Episode 1547: Northern Flicker Reconsidered by Susan Rich
Host: Maggie Smith
Date: June 29, 2026
In this episode, host Maggie Smith guides listeners into the poetic and symbolic world of birds, focusing on their presence in language, daily life, and poetry. Smith introduces and reflects on Susan Rich's poem "Northern Flicker Reconsidered," inviting us to look up, listen closely, and consider the connective potential birds hold—not just in nature, but in our imagination and our poetry.
"Once, during a Q and A after a reading, a woman raised her hand to ask, what's with all the birds in your poems? I had to laugh. She was right." (02:06)
"Their names alone are poems in themselves. The Screaming Cowbird. The Middle American Leaf Tosser.
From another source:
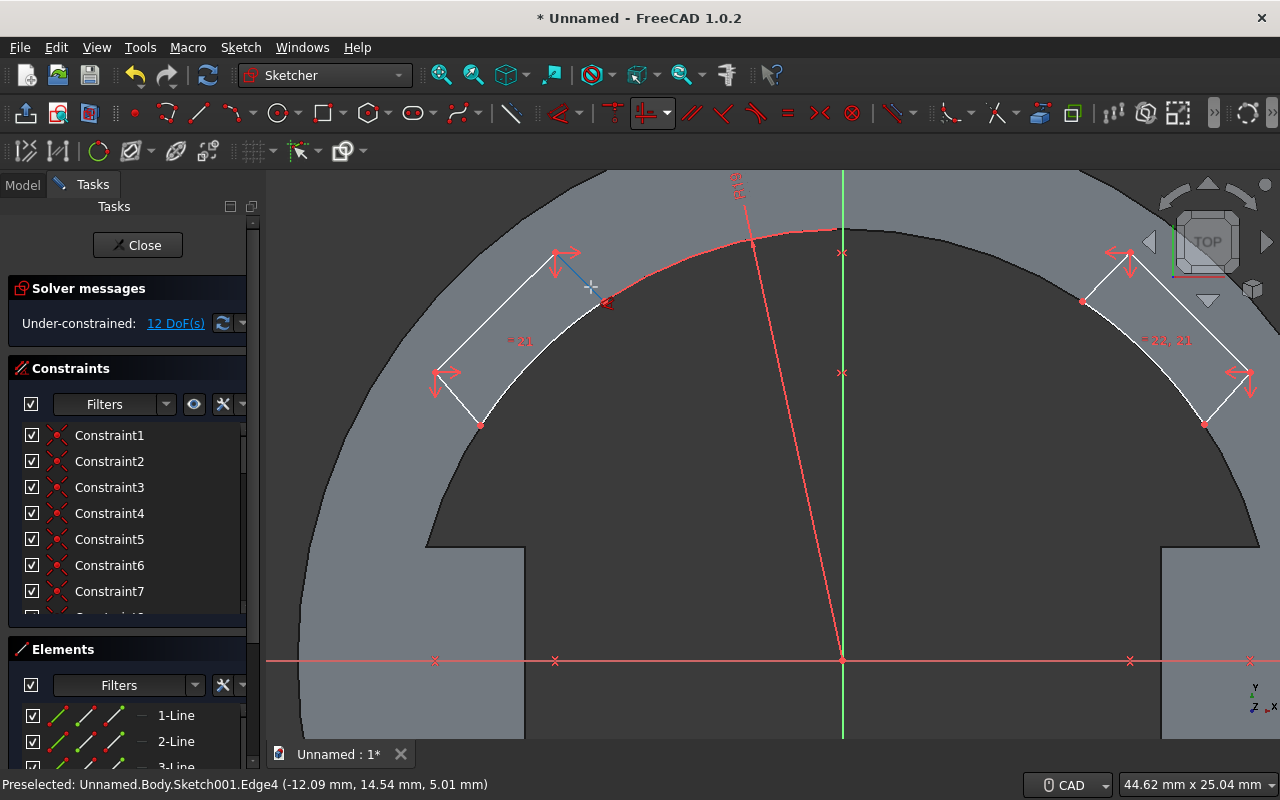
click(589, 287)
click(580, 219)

The Splendid Fairy Wren..." (01:45)
"Today's poem looks up, listens, and leans into the many things we can become open to by finding closeness with these familiar and strange animals." (02:28)
Read aloud by Maggie Smith [03:10]
Text (excerpted):
if a bird could become a poem, and why not
promenade through wayward stanzas,
lift their couplets of wings, what then
[...]
The male handsome with his patch of mustache
I would become his lifelong mate
should I return as a bird
[...]
This ode to to plurality, this epic boundless,
then cross stitched together on the pages of Northwest Sky.
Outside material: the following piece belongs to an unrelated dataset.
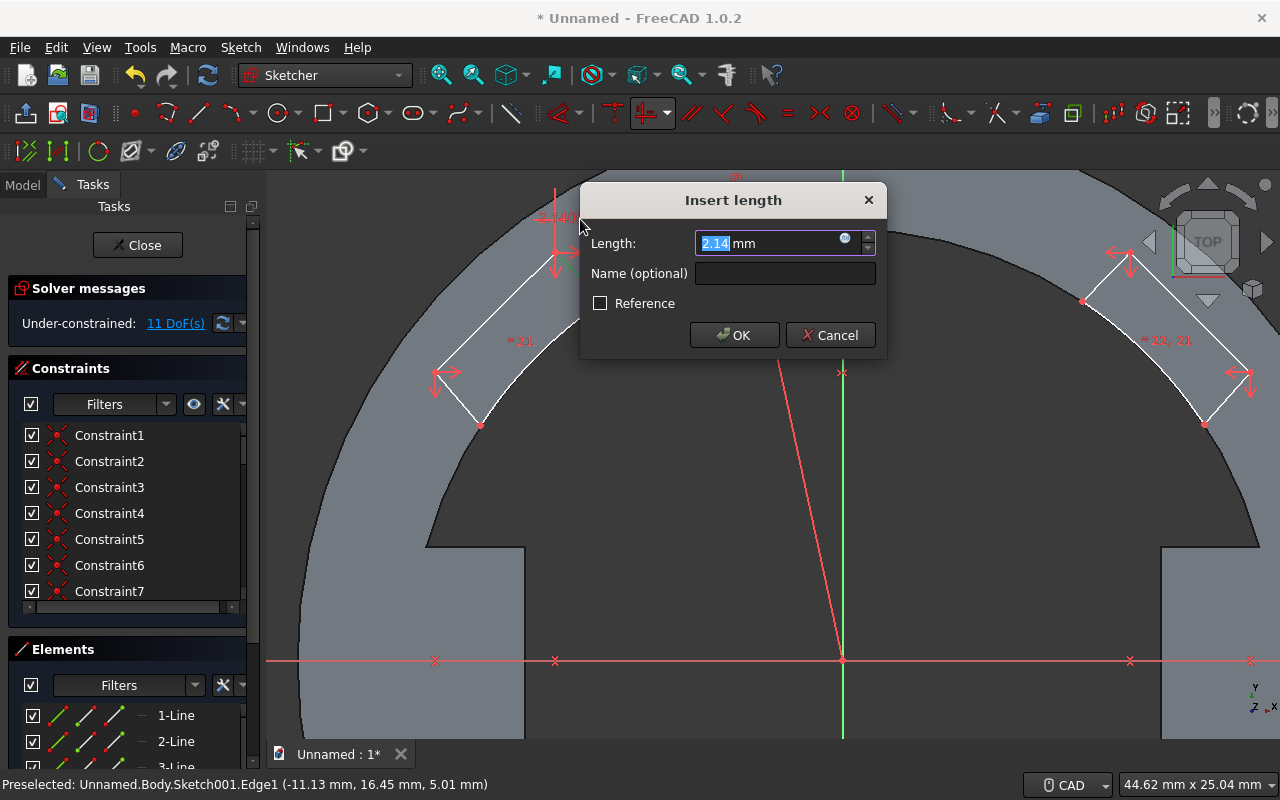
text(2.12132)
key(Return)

On the intimacy and accessibility of bird-watching:
"I told her that birds are wildlife that we all have access to no matter where we live. Birds are everywhere, in cities and suburbs, in the country." (02:18)
On bird names evoking wonder:
"The Diabolical Nightjar, the long Waddled Umbrella Bird. The Dark Eyed White Eye. The bare faced Go away bird. Yes, that's a real animal. I didn't make that up. It has a featherless face, and apparently its call sounds like it's saying ‘go away.’" (02:00)
On poetic metamorphosis:
"If a bird could become a poem, and why not promenade through wayward stanzas, lift their couplets of wings, what then?" (from poem, 03:15)
Maggie Smith transforms a simple act—looking up at birds—into a meditation on accessibility, creativity, and poetic imagination. By showcasing Susan Rich’s poem, Smith invites us to reconsider ordinary encounters as extraordinary, to find connection with the fleeting and the beautiful, and to let both birds and poetry inspire openness in our daily lives.